The iGEM Team Tuebingen 2013 already tried to establish a sensor and we decided to reuse their constructs for our purposes, because all the parts were readily available to us. We used the basic parts for the receptor and promoter (see below) and rebuilt the construct in yeast using luciferase as a readout.We also tested several other promoters, to look at alternatives. Suitable promoters should be easily inducible, and also produce reliable results. Also, the sensor should activate the promoter in a straight-forward way while not activating many other pathways to ensure a clear readout.
2013 Sensor
In 2013, we wanted to measure progestin concentrations [Kolodziej et al. 2003] that have an effect on fish/amphibians but usually do not harm humans (European Agency for the Evaluation of Medicinal Products, 1999). We decided to use progesterone membrane receptors (mPR) that mediate nongenomic progesterone responses and belong to the progestin and AdipoQ-Receptor (PAQR) family [Tang et al. 2005] . We used one mPR from teleost fishes (like Danio rerio) and one from Xenopus laevis (clawed frog).
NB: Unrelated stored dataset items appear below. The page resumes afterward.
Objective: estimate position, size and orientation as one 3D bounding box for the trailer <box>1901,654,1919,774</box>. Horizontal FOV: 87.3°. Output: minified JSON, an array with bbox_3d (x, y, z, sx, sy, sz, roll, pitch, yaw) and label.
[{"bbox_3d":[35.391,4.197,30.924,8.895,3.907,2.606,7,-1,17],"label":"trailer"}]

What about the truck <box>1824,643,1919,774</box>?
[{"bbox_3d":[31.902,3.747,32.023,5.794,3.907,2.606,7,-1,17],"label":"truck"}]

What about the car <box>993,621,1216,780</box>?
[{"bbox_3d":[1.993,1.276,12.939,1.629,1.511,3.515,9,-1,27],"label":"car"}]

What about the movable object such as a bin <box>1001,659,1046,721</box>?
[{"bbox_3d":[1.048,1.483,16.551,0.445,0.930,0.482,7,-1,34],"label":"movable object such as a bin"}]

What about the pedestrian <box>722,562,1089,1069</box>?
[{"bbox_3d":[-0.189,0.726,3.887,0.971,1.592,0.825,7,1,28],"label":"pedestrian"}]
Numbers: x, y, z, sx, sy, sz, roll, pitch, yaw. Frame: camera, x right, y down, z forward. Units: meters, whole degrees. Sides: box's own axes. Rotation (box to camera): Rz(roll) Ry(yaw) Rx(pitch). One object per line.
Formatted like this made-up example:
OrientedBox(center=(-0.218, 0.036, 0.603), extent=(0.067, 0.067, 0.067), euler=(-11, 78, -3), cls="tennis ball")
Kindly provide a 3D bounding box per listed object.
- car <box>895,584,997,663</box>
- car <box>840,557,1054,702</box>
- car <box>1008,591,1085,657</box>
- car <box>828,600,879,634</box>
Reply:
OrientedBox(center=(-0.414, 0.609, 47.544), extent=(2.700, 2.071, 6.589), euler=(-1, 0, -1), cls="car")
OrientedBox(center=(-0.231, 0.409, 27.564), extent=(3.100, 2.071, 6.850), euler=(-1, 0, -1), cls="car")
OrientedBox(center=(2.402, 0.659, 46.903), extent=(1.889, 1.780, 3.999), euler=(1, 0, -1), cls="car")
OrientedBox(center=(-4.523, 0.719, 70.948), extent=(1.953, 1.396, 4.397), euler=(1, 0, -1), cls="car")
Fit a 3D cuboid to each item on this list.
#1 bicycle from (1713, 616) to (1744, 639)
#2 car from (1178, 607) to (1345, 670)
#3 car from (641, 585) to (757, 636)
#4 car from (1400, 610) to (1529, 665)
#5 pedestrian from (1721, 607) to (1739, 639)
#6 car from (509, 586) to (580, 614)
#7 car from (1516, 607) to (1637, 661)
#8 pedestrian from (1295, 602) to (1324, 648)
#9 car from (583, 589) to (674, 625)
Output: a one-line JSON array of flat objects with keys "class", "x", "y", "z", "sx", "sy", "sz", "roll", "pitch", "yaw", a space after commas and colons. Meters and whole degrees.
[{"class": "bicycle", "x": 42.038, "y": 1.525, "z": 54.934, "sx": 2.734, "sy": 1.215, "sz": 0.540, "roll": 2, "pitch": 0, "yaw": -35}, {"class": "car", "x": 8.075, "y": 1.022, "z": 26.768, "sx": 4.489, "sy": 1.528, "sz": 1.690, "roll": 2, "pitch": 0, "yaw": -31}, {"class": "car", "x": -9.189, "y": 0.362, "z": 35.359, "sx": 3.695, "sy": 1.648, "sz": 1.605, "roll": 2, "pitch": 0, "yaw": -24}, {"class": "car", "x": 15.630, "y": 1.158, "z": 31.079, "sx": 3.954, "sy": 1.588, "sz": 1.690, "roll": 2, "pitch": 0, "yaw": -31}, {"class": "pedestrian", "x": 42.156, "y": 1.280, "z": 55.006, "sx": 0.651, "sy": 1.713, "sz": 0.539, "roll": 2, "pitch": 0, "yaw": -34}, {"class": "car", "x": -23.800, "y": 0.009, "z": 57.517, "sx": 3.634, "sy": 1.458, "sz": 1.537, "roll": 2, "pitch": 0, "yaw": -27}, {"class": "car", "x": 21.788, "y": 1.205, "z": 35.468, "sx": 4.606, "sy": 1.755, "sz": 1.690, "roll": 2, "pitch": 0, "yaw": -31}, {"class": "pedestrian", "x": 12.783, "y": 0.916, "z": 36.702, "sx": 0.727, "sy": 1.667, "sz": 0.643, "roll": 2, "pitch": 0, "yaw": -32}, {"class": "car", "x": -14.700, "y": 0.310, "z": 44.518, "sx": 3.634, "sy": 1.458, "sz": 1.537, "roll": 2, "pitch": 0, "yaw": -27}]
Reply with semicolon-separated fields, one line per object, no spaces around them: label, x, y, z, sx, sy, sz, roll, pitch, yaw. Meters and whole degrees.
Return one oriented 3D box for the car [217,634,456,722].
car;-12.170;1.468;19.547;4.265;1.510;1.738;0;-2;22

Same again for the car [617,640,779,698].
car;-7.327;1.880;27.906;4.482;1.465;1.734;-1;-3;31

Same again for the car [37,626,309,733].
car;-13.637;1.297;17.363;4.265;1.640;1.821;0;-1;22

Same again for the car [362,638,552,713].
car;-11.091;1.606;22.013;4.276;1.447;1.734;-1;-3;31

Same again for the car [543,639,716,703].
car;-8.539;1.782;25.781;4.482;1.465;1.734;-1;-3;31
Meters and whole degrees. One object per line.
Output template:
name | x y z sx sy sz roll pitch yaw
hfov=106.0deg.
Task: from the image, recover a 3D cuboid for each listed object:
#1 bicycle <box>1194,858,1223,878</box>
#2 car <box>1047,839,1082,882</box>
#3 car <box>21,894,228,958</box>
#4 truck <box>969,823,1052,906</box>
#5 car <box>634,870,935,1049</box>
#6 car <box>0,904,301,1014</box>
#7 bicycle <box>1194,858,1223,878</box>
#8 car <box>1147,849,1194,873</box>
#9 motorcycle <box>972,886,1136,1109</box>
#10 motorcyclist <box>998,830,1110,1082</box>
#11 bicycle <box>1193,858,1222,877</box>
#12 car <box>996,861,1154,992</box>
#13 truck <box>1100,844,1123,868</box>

Smith et al. (2008) were able to show that human mPRs can sense progesterone and structurally similar compounds at physiologically relevant concentrations by affecting the FET3 promoter. In their study Liu and Patiño (1993) found such a correlation between structural similarity and binding affinity on female Xenopus laevis. We chose Saccharomyces cerevisiae as chassis for our system due to the fact that yeast possesses endogenous receptors of the PAQR family [Lyons et al. 2004] , S. cerevisiae does not use progesterone in its own metabolism and does not possess any progesterone receptors. Furthermore S. cerevisiae is a well understood eukaryotic organism and offers acceptable reproduction rates. For this year’s project, we wanted to re-use both mPRs and the pFET3 part.
Promotors
We wanted to use five different promoters for our system, which are all easy to induce. To characterise the promoter activity we will measure luciferase activity or RFP fluorescence by expression of the respective protein under each promoter.
pFET3
FET3 is an essential element of S. cerevisiae’s iron metabolism. It is a multicopper oxidase which is responsible for iron (Fe(II)) uptake in yeast [Askwith et al 1994] . It is only expressed when intracellular metal levels, such as zinc and iron, are low, and repressed if metal levels are high [Lyons et al 2004] . High iron levels can thereby repress the pFET3-promoter. pFET3 can also be repressed by activation of the PAQR receptor family after binding of its ligand. Introduction of mPRs and addition of progesterone or progesterone-like molecules should induce the PAQR pathway and therefore repress the pFET3 promotor, resulting in a decrease luciferase signal.
pENO2
pENO2 is the promoter of the ENO2 gene encoding yeast enolase (BBa_K392001). Enolase II plays an important role in glycolysis [Entian KD et al. 1987] . Being a phosphopyruvate hydratase, it catalyses the conversion of 2-phosphoglycerate to phosphoenolpyruvate, as well as its opposite reaction during gluconeogenesis. The enolase promoter pENO2 in yeast is therefore glucose-inducible and addition of glucose should increase signal readout.
pGal1
The GAL genes encode for proteins which enable the growth on galactose by converting galactose into glucose. GAL1 codes for the galactokinase which traps galactose inside the cell by phosphorylating C1. The GAL1 promoter is induced in the presence of galactose in the cell and repressed if glucose is present (BBa_J63006).
pADH
The promoter of the ADH gene, coding for the alcohol dehydrogenase [Bennetzen JL and Hall BD 1982] , is a constitutively active promoter, because of which it is often used as a positive control for gene expression (BBa_J63005).
pSUC2
The SUC2 gene codes for a sucrose hydrolysing enzyme. The pSUC2 (BBa_K950003) promoter is heavily repressed by high levels of glucose [Lutfiyya and Johnston 1996].